--- Brief ---
Your answer must be an exact copy of the lines below, from the first through the one with "5) traffic island", with no pictures.

---- Data records

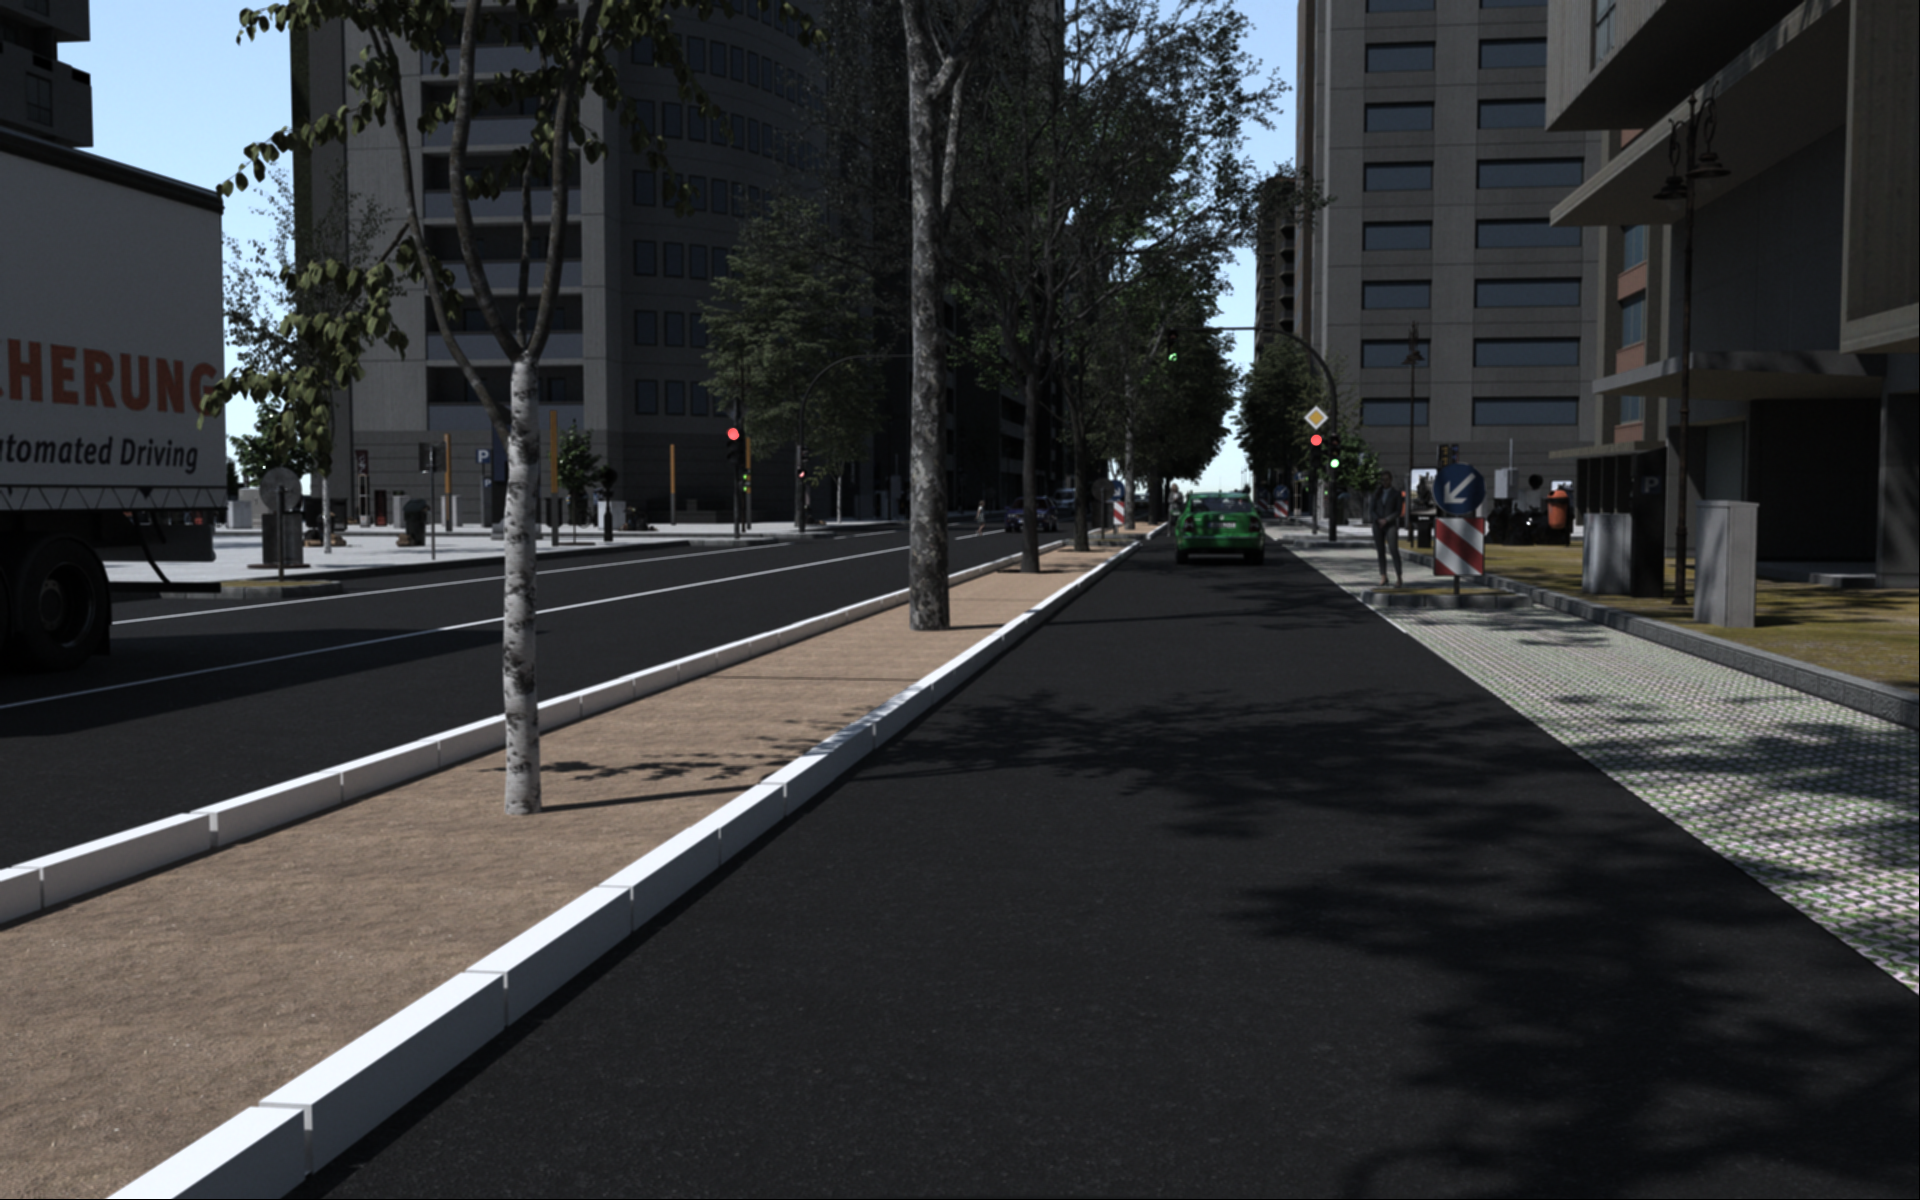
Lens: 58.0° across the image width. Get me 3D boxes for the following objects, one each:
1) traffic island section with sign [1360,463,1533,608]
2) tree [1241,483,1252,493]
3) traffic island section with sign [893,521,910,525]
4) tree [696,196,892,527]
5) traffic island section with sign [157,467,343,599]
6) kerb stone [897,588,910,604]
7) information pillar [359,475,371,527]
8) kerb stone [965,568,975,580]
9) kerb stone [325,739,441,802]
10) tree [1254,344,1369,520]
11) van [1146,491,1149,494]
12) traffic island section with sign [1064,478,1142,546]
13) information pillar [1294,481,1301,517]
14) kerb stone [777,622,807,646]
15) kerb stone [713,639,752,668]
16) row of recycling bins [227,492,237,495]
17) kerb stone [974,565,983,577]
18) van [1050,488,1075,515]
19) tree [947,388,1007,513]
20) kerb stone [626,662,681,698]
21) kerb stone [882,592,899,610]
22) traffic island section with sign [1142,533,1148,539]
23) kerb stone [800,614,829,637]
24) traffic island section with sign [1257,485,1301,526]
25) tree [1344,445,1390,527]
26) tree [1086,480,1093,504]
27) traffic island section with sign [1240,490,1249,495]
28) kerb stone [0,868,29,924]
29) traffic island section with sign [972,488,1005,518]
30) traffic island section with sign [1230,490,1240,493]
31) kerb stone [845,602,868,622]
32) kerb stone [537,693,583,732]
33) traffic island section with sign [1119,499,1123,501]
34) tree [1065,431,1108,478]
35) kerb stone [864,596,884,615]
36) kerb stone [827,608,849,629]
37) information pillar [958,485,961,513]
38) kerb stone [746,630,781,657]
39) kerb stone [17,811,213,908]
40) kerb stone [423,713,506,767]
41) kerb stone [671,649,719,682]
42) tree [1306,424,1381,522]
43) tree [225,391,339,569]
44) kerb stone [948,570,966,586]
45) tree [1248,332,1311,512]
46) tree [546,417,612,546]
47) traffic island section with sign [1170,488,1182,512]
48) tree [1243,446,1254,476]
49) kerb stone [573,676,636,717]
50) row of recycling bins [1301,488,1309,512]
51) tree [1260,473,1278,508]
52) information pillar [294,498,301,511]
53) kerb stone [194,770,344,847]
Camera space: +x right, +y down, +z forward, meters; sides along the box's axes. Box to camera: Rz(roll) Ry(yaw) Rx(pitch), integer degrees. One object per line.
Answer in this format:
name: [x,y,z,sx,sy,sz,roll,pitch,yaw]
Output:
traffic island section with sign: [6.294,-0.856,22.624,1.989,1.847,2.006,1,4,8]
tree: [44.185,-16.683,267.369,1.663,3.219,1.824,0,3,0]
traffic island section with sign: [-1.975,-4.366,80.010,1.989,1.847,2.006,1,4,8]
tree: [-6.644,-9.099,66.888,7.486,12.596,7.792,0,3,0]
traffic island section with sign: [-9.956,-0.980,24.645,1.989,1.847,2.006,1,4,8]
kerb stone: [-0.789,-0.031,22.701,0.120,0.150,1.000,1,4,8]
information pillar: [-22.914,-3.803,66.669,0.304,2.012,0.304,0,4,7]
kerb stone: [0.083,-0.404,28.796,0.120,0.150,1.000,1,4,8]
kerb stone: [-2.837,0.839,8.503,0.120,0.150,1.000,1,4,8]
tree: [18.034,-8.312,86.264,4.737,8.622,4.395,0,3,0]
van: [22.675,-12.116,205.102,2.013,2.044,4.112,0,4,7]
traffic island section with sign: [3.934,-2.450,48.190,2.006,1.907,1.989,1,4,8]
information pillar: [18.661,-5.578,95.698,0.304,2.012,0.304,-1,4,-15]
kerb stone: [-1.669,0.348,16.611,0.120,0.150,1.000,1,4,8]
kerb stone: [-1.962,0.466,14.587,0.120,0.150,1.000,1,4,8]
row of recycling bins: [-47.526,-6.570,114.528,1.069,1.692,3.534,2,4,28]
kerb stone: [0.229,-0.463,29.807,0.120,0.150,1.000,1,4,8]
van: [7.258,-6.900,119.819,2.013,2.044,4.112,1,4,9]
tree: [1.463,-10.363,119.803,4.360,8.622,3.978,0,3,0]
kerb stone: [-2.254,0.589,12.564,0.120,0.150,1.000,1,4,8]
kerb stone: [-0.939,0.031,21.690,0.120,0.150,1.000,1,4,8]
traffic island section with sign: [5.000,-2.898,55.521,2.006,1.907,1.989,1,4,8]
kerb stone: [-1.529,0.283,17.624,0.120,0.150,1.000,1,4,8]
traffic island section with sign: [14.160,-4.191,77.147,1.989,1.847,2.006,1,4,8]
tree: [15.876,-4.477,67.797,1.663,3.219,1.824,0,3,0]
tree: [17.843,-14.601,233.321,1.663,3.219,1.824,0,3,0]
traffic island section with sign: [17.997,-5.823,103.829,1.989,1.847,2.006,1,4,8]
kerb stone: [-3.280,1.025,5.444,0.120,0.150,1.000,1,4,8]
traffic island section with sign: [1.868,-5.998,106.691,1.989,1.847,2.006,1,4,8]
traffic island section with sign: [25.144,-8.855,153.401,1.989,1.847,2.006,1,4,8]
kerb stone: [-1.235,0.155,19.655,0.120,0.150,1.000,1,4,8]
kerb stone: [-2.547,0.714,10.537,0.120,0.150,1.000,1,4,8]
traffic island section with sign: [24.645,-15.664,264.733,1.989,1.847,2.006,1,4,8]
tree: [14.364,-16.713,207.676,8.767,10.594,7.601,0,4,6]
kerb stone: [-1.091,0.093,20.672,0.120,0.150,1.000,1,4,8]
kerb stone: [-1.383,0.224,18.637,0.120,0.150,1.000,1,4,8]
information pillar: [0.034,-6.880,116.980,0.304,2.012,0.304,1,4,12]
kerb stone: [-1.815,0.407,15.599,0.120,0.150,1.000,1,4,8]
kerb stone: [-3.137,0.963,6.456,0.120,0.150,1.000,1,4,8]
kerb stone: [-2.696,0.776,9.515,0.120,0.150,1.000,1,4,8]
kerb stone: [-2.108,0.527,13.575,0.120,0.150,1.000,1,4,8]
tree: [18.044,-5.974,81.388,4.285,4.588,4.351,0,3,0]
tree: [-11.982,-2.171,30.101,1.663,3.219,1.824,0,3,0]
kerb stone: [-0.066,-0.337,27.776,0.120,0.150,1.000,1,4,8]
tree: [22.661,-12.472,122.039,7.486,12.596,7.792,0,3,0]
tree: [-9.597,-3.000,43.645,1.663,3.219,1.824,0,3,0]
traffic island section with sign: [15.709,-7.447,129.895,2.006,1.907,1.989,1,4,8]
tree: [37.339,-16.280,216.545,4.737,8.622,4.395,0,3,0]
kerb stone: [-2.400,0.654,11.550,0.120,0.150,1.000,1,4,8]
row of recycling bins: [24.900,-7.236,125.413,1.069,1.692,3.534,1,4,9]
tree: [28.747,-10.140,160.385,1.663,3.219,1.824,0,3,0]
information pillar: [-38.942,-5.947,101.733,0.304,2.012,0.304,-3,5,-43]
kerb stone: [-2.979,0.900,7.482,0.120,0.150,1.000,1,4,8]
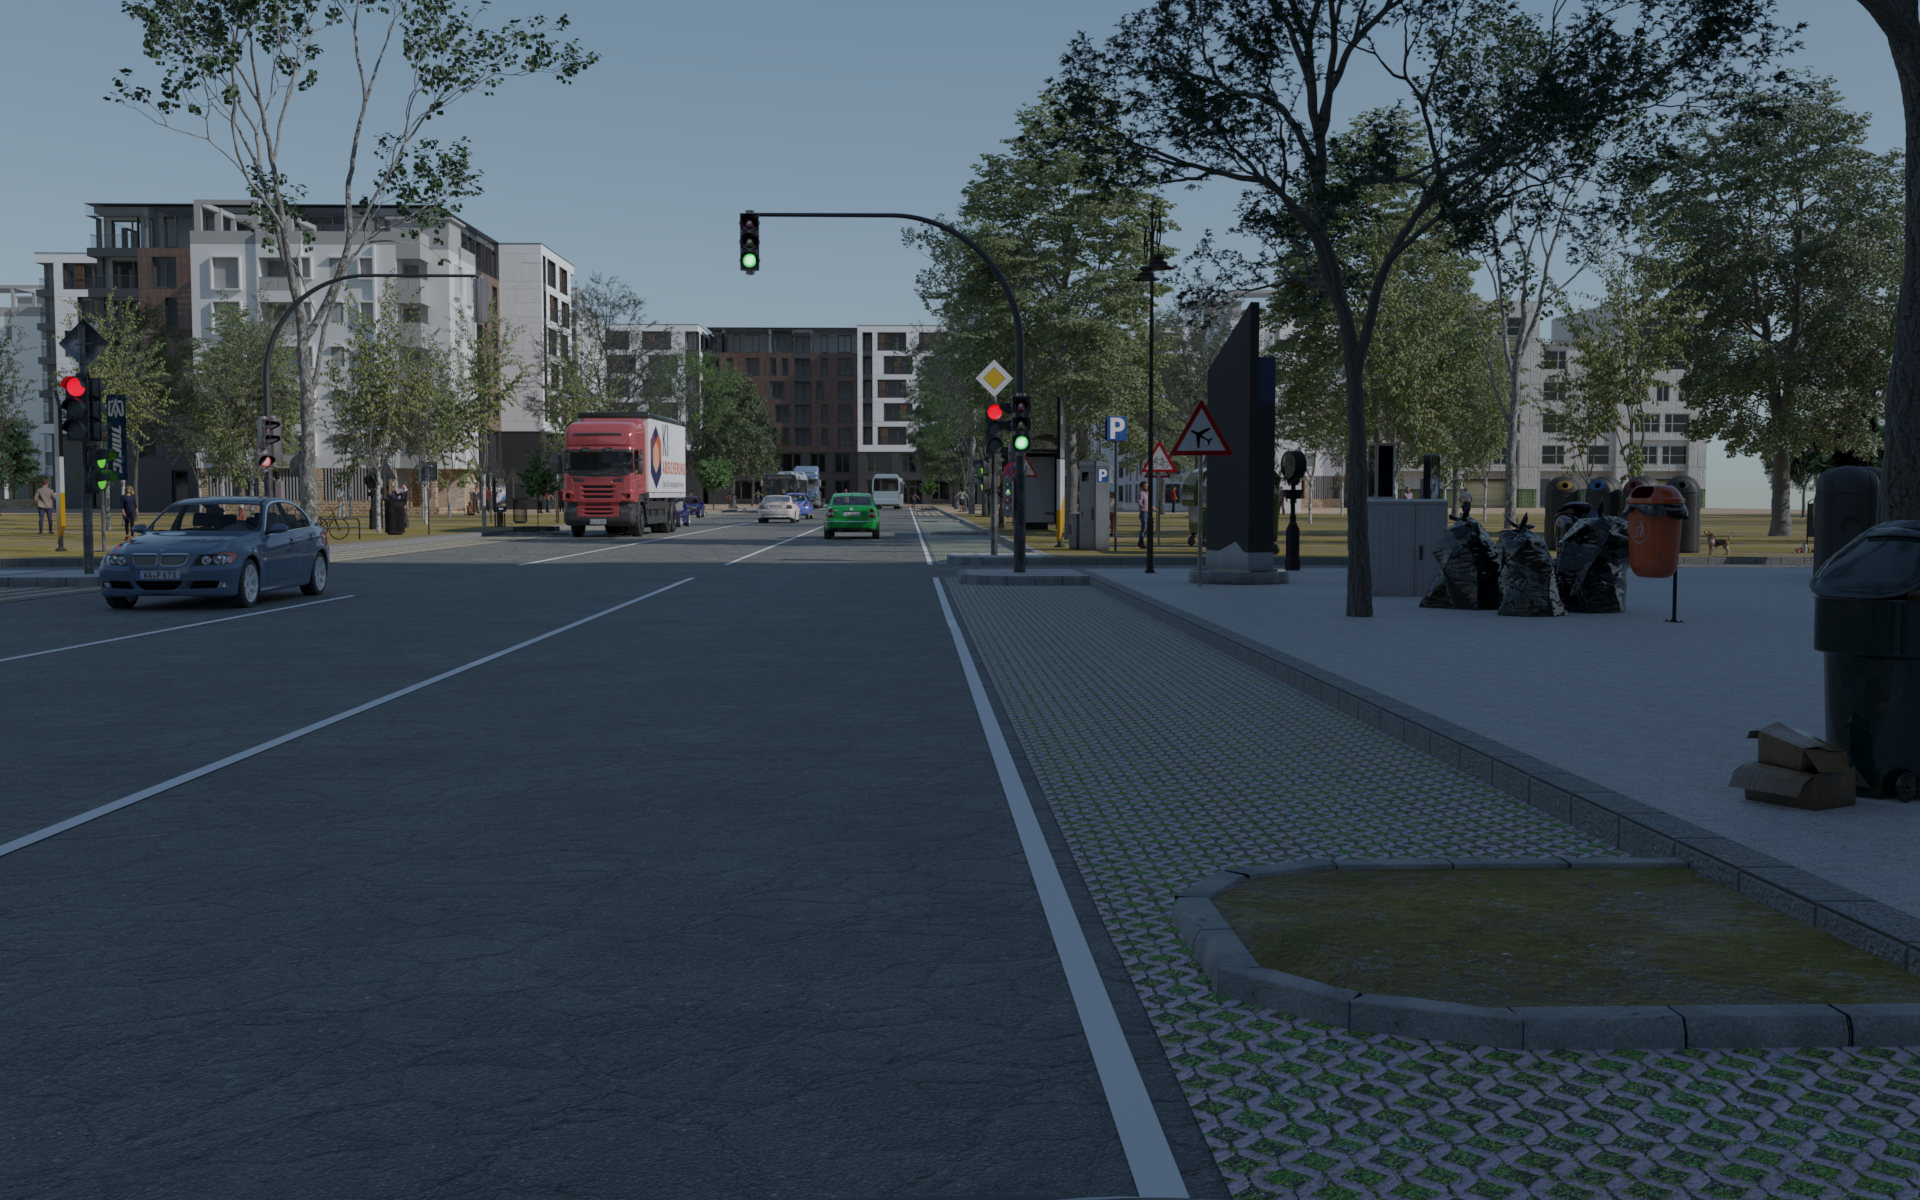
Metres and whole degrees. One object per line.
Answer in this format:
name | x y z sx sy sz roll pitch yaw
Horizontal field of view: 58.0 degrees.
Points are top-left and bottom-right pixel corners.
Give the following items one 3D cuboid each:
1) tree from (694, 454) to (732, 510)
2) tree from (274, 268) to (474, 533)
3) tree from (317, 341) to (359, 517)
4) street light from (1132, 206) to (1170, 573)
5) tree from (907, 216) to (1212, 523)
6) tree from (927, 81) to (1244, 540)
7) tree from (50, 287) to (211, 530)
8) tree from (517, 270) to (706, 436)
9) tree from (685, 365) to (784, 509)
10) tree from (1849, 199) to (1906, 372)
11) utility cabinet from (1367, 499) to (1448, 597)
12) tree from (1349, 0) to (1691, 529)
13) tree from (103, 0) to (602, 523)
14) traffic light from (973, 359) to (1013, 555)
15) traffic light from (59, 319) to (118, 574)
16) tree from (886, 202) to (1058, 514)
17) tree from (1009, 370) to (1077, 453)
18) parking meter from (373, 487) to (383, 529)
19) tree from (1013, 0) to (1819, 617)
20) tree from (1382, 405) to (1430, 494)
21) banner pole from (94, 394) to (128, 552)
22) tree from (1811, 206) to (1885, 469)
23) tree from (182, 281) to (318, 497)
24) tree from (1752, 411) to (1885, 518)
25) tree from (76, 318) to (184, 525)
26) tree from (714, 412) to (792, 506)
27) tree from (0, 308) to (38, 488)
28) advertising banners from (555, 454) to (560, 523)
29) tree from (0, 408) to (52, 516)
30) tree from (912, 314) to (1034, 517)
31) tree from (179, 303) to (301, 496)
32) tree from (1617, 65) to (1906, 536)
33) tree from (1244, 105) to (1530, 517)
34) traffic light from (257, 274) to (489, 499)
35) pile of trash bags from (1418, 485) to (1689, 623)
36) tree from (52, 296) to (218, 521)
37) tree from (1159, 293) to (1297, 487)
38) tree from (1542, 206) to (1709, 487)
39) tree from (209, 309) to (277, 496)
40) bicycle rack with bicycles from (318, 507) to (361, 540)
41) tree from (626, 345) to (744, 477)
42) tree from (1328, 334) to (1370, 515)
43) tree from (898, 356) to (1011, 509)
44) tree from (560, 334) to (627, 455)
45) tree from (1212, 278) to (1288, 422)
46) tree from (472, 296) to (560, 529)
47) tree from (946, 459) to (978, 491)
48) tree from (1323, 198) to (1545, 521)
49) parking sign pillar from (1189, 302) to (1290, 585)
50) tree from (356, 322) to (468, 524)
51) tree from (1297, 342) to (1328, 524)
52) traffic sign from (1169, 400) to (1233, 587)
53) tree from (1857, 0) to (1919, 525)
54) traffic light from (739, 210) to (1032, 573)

--------

--- Response area ---
Lens: 58.0° across the image width. Get me 3D boxes for the following objects, one each:
1) traffic island section with sign [1360,463,1533,608]
2) tree [1241,483,1252,493]
3) traffic island section with sign [893,521,910,525]
4) tree [696,196,892,527]
5) traffic island section with sign [157,467,343,599]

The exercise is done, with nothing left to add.